To read the liquid level in all of these, find the bottom of the meniscus and read accurately from the graduations on the vessel. With volumetric flasks/pipets, align the bottom of the meniscus with the etched mark. When you do this, make certain that your eye is at the same level of the meniscus to avoid error due to parallax.

Be sure to wear gloves when rinsing the volumetric pipet with the solution.

Volumetric pipets, like our 10 mL one, are used to transfer liquids or aqueous solutions. Always use a rubber bulb to fill pipets. It has a fixed silicone rubber adapter that can take pipets of different sizes. If you accidentally let a liquid or solution get into the bulb, empty the bulb at once and try to dry it with Kim wipes.

The first step is to rinse the pipet with deionized water. Pour deionized water into a beaker. Squeeze the end of the bulb with one hand and gently place the pipet inside it. Apply a gentle downward pressure on the bulb to make an airtight seal, and squeeze out some of the air in the bulb. Place the tip of the pipet into the beaker and ease up on the squeezing to draw water into the pipet until its approximately half full. Have your index finger or thumb ready to quickly place it on the opening of the pipet as soon as you remove the bulb from the pipet. This prevents the water from running out.

Turn the pipet horizontal and gently roll it so the water wets the entire inside surface. Once you're finished rinsing, drain the pipet in the sink.


Before you can use the pipet to transfer your solution, you should rinse it with the solution. Pour the solution into a beaker. Attach the pipet to the bulb as you did in step 1. Place the tip of the pipet into the beaker and draw solution into the pipet by releasing pressure on the bulb. Once it's filled halfway, remove the bulb and quickly place your index finger on top. Turn the pipet horizontal and gently roll it to wet the inside surface. Discard the rinse solution into an appropriate waste container. After one rinsing (or two if desired), the pipet is ready for use.

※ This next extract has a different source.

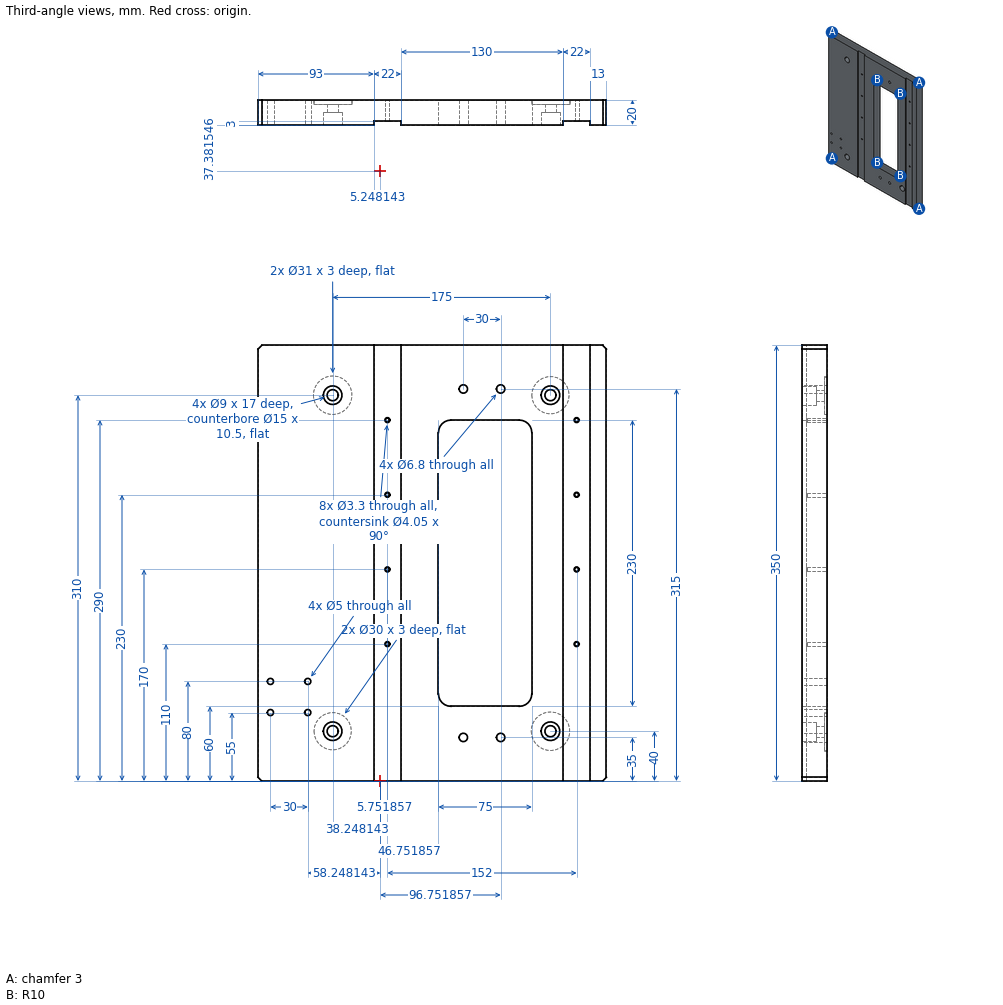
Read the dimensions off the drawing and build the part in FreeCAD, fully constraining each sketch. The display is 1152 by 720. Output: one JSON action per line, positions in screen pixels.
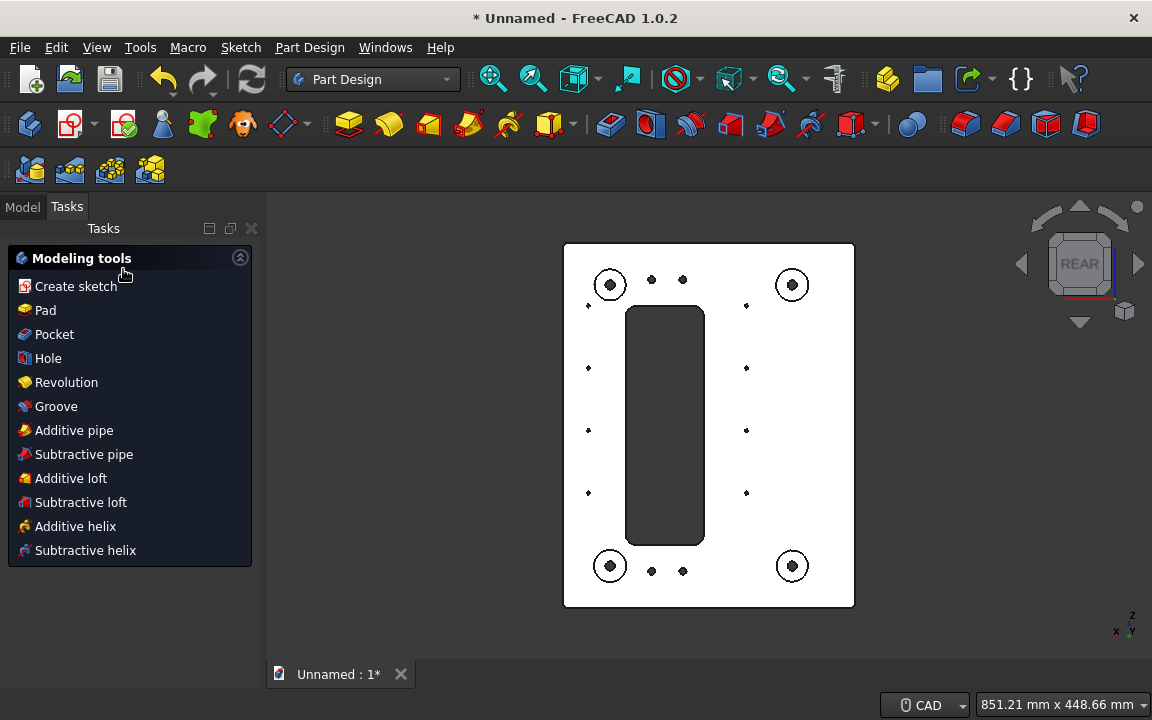
{"action": "left_click", "coordinate": [652, 124]}

Make sure you have enough solution in your beaker and have the beaker to which you will transfer the solution handy. As you did in steps 1 and 2, attach the pipet to the bulb to draw the solution into the pipet. Avoid drawing the solution into the bulb. This time you need to draw enough solution so that the meniscus is above the etched mark. Remove the bulb and quickly place your index finger on top of the pipet.

Note that if you don't draw enough solution into the pipet, you may have to squeeze the bulb again at least once to draw in enough solution. Remember to use your finger to hold the solution in.

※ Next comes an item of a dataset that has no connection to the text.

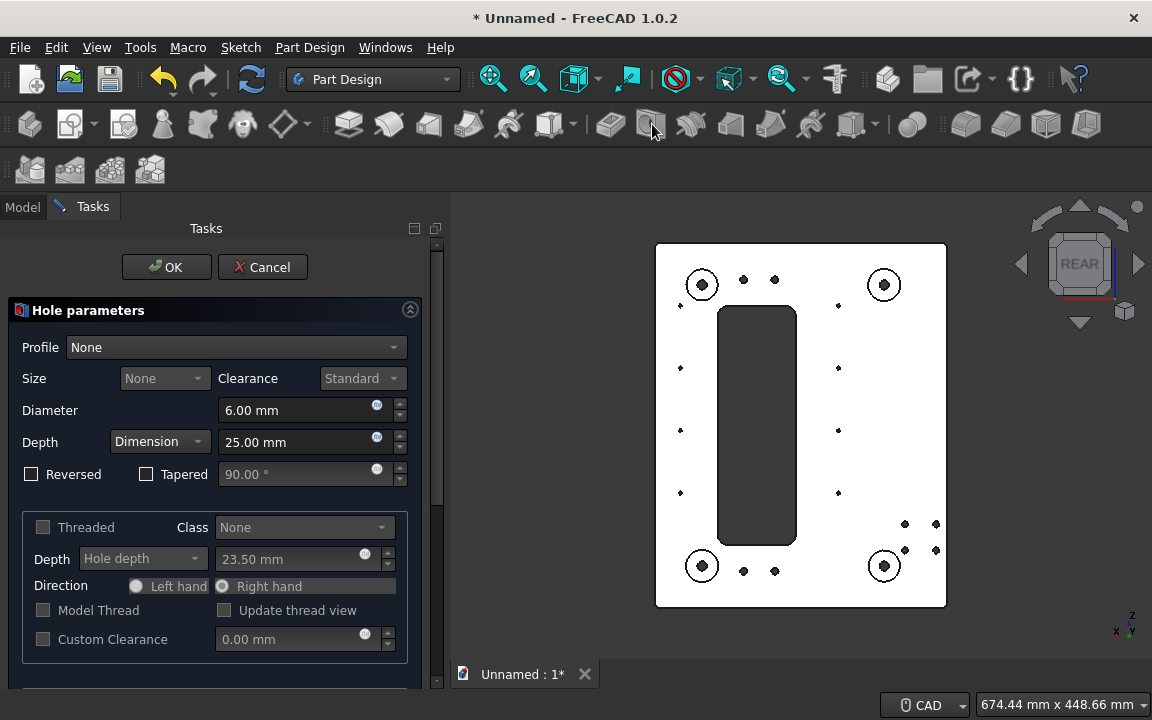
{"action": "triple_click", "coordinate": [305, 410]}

Remove the pipet from the solution, and wipe the pipet's tapered end with a Kim wipe. Then, holding the pipet in one hand and the waste container in the other, let the tapered end of the pipet touch the edge of the beaker. Bring the meniscus to your eye level and release your finger slightly from the top of the pipet so the meniscus drops slowly to the etched mark. When you think the bottom of the meniscus reaches the etched mark, reassert pressure on the top of the pipet. There should be exactly 10 mL of solution in the pipet.

With the pipet in one hand and the beaker into which you want to transfer the solution in the other, place the tip of the pipet on the edge of the beaker. Remove your index finger from the top of the pipet so the solution flows into the beaker.

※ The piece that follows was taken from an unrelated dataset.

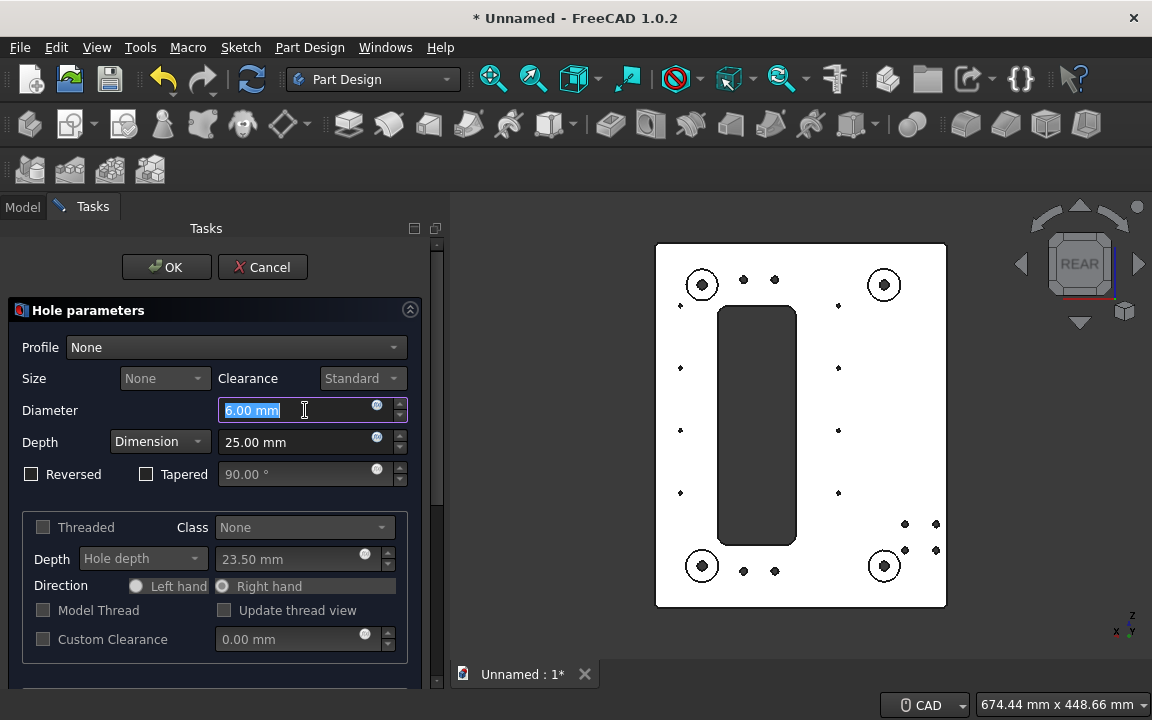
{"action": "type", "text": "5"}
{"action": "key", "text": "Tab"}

After draining the solution into the beaker, you will notice a small amount of liquid in the end of the pipet. Since this pipet is marked 'TD,' meaning 'To deliver,' the small amount of liquid remaining at the tip should not be blown out.


Graduated pipets are filled and drained just like volumetric pipets. Besides 'TD' pipets, there are also 'TC' pipets, meaning 'To contain.' The last drop in a TC pipet needs to be blown out. If you are not sure whether the last drop in a pipet should be blown out or not, look for a 'TD' or 'TC' label on the pipet, or check with your TA or instructor.